United States v. Dimick, 990 F.2d 1164 (10th Cir. 1993)

The defendant was travelling from Los Angeles to St. Louis. He paid for his one-way ticket in cash, remained in his compartment the entire trip; tipped the train conductors with $20 bills; ordered his meals delivered to his compartment; lied about his name when questioned and claimed to have no luggage. Based on this information, the DEA entered his compartment and found a suitcase, which was then subjected to a dog sniff. The dog alerted and narcotics were found in the suitcase. The entry into the train compartment required probable cause which was lacking at that time. Absent probable cause, even with reasonable suspicion, which did exist, the officers could not enter the compartment. This case was overruled by the Tenth Circuit later, not on the issue of probable cause, but on the defendant’s expectation of privacy in a train compartment. United States v. Little, 18 F.3d 1499 (10th Cir. 1994).

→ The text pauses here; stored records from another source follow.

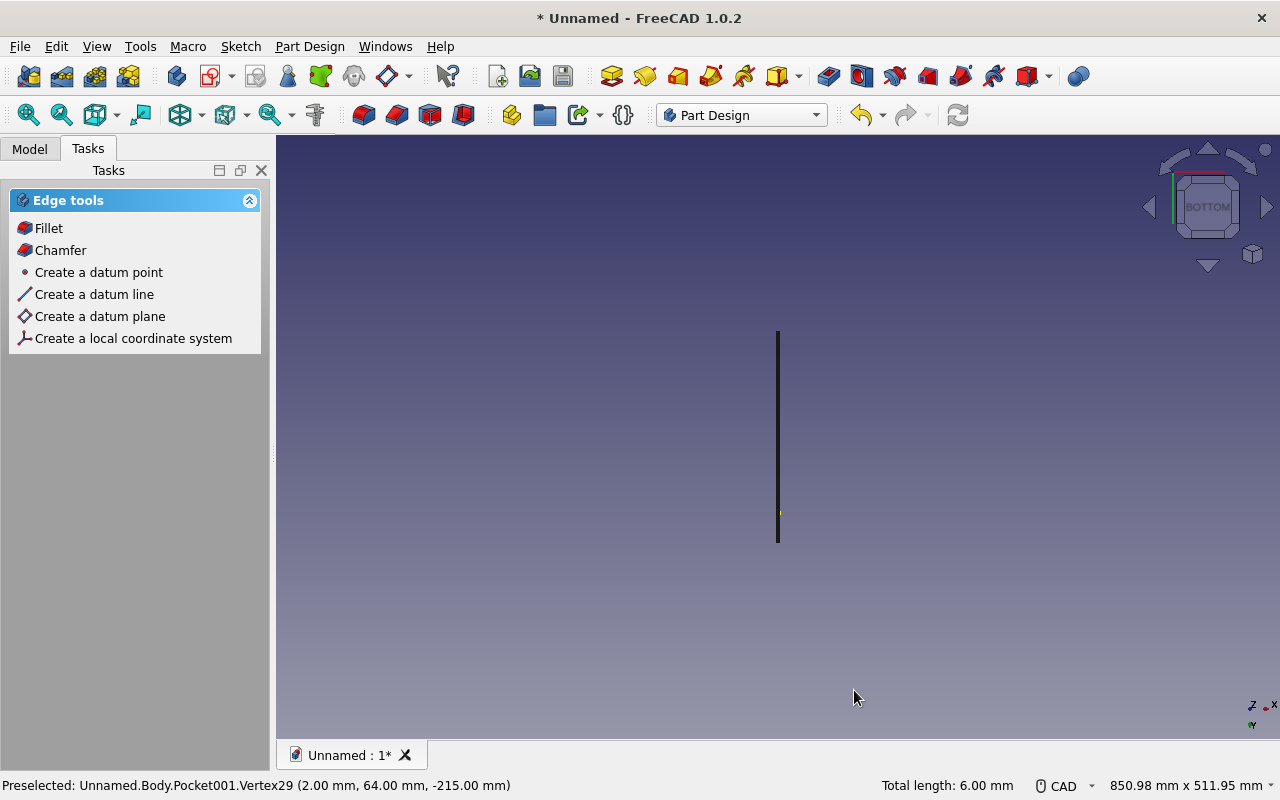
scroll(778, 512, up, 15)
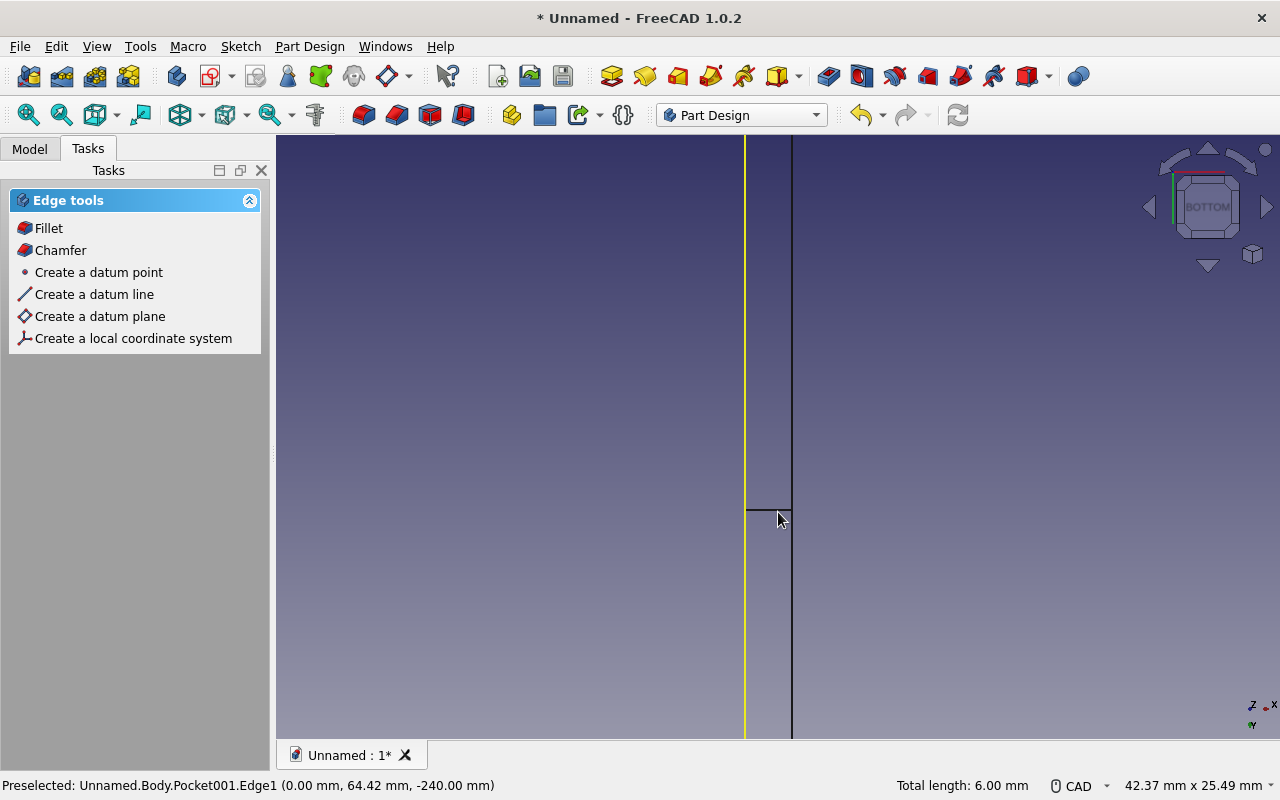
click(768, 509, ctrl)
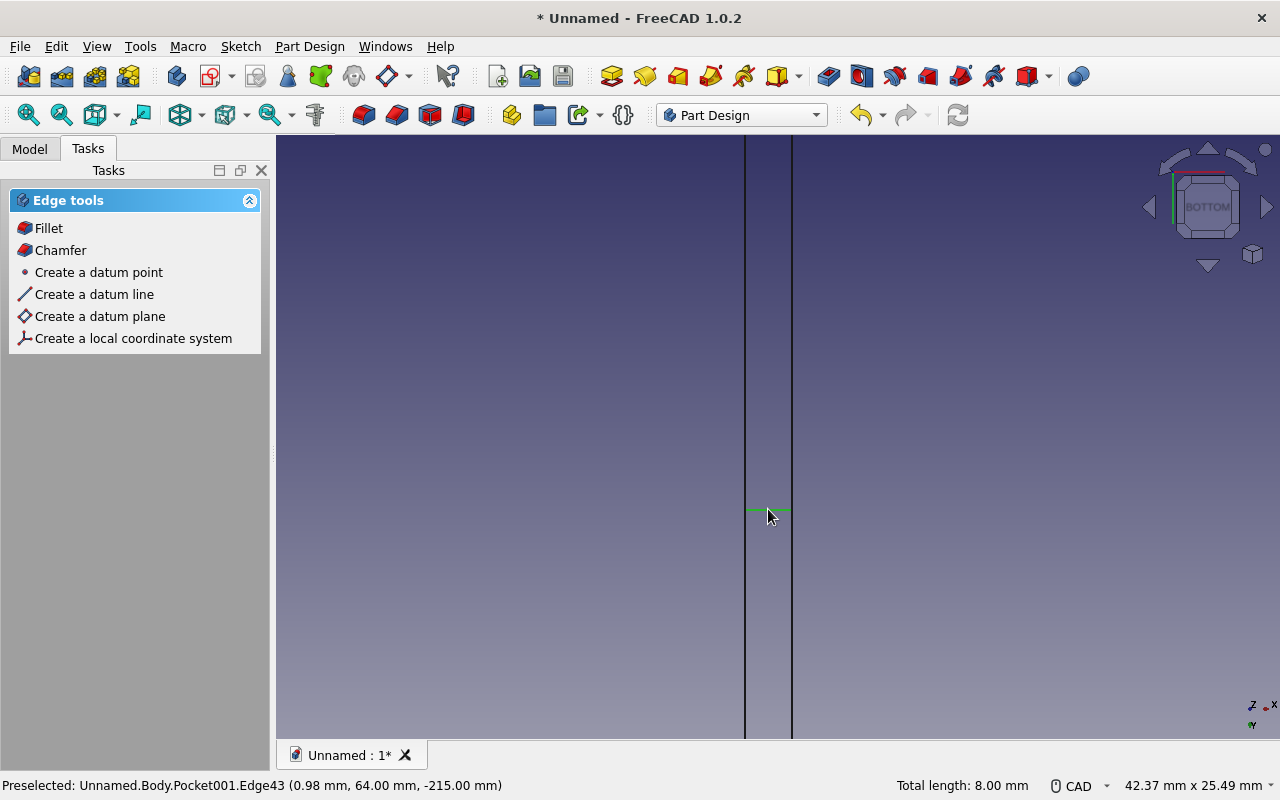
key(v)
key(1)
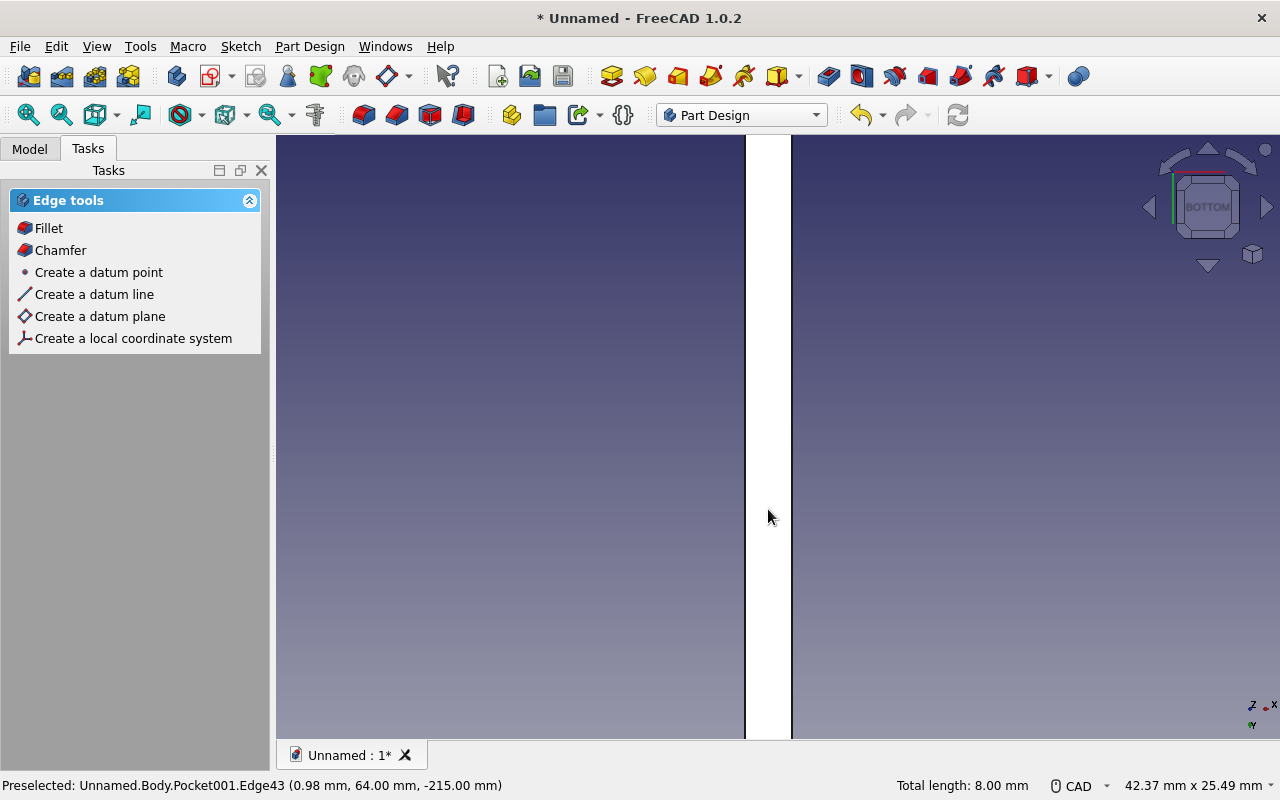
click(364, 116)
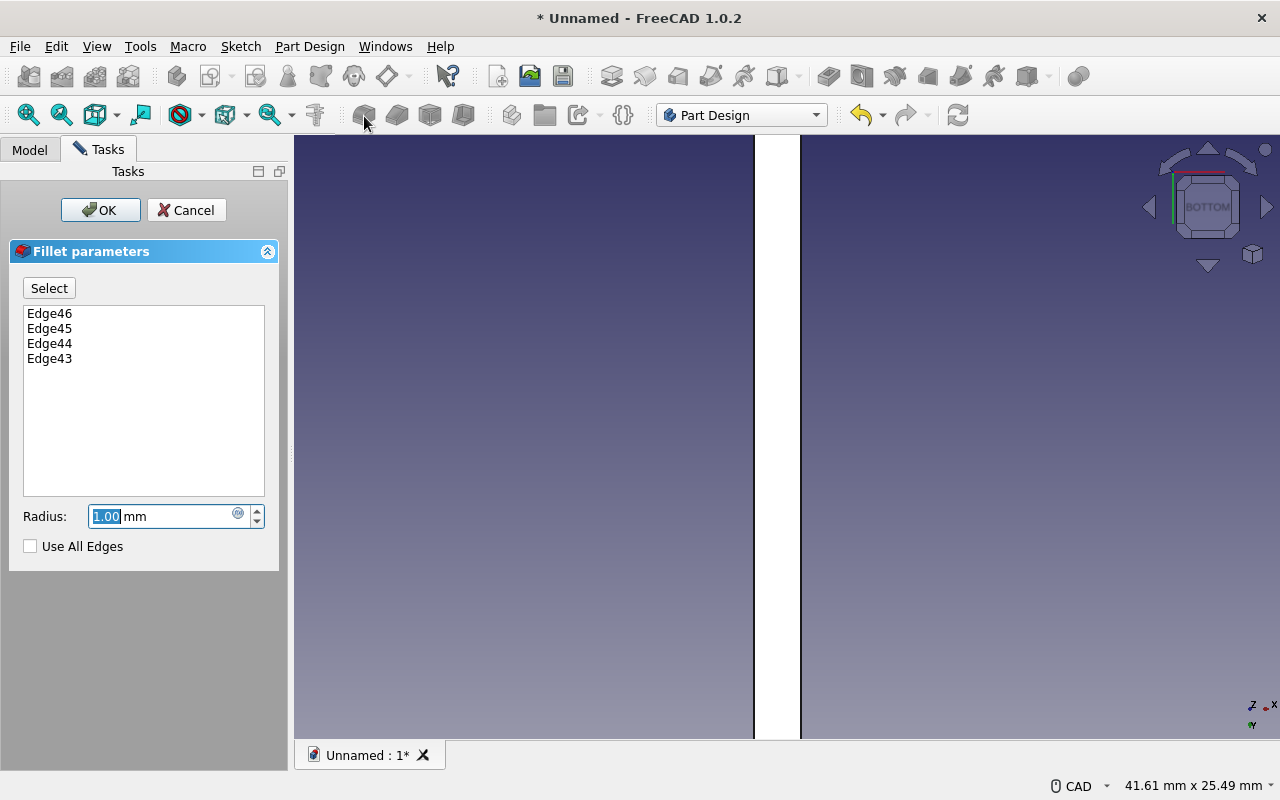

United States v. Maxwell, 920 F.2d 1028 (D.C.Cir. 1990)

In order for an affidavit to be viewed as limiting the scope of a warrant, the warrant must not only attach the affidavit, but must also contain “suitable words of reference” evidencing the magistrate’s explicit intention to incorporate the affidavit. Only in this way will the warrant be sufficiently limited to allow it to pass the probable cause test. That is, the warrant may be overbroad if it is not limited by the accompanying affidavit.